A translation like the ESV is concerned with allowing as much of the Bible's own idiom to transform English as possible. It still must wreak havoc in some ways, but it's far more willing to accept something awkward in English for the sake of the Hebrew trope. The ESV also accepts the heritage of the KJV in the English language, and seeks to keep as much of the rhythm and style of the KJV as possible - that's an explicit part of their translation philosophy. They're not only hoping to retain the Hebrew/Greek literary sense, but the KJV literary sense.
For a more rigorous literary/literal approach than any English translation of the entire Bible, check out Everett Fox's translation of the Pentateuch and Robert Alter's translation of the Pentateuch and the Psalter.
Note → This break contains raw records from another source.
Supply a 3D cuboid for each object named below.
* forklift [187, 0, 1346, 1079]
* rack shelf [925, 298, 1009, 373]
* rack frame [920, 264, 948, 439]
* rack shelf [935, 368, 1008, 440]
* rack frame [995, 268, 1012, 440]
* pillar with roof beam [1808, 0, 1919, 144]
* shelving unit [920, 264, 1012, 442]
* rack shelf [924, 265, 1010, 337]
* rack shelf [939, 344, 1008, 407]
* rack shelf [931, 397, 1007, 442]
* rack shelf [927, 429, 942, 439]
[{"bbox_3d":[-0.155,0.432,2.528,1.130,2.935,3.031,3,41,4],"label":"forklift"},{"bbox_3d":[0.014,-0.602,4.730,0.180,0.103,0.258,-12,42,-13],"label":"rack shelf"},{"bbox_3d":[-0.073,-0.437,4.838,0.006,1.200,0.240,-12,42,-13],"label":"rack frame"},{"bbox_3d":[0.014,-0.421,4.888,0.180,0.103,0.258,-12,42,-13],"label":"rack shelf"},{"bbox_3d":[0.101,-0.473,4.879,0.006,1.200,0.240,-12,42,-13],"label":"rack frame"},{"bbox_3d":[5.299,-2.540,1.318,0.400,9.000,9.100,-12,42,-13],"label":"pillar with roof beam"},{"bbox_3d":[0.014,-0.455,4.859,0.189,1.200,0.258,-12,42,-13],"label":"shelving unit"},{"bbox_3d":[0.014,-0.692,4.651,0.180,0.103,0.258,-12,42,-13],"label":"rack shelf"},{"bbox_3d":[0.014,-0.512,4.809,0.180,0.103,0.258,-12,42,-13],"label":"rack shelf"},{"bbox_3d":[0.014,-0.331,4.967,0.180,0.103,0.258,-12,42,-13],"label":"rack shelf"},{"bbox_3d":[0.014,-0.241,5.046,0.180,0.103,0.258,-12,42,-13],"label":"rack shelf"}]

I should add a third: English register. In language, register is how formal the language is. One expects a different type of language in the State of the Union than in the latest episode of the Office. Translations explicitly choose different registers.
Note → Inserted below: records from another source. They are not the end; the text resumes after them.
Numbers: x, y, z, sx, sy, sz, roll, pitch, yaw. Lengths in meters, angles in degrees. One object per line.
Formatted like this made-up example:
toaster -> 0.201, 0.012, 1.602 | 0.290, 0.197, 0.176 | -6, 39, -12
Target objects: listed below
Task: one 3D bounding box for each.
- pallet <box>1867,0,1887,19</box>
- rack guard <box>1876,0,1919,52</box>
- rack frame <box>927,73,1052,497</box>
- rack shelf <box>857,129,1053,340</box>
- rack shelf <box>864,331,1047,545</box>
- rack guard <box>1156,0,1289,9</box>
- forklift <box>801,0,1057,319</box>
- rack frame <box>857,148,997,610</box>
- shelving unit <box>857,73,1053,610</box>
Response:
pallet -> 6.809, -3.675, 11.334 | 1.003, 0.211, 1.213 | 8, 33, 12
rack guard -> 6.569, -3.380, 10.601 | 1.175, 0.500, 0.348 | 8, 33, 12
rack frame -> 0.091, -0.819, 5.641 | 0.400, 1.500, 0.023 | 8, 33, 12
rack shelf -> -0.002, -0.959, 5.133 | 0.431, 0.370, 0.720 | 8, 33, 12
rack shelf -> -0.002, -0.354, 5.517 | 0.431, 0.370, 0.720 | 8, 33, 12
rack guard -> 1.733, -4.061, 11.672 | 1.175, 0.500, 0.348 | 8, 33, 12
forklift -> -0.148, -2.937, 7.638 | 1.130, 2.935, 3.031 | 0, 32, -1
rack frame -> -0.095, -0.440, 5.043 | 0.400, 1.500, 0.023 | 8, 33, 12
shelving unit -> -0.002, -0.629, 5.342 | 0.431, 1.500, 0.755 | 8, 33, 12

NIV uses a literary register, but is as clear as possible. It's the New York Times of Bible translations (not the New Yorker).
The Message uses a folksy, homey register with lots of down to earth idioms (or cliches). It's the Rush Limbaugh of Bible Translations.
The ESV uses modern English with a high register. This is part of their keeping the style of the KJV without the thees and thous, since the King James Bible helped create the high English register as we know it. It's the New Yorker, or John Updike, of Bible Translations.
The KJV of course is the definition of high register, but it is also archaic. No one speaks this way anymore, no matter how formal the occasion, unless they're quoting the King James. It thus lends a super-formal and traditionist atmosphere to the reading of Scripture. It's the Vulgate of English Bible translations.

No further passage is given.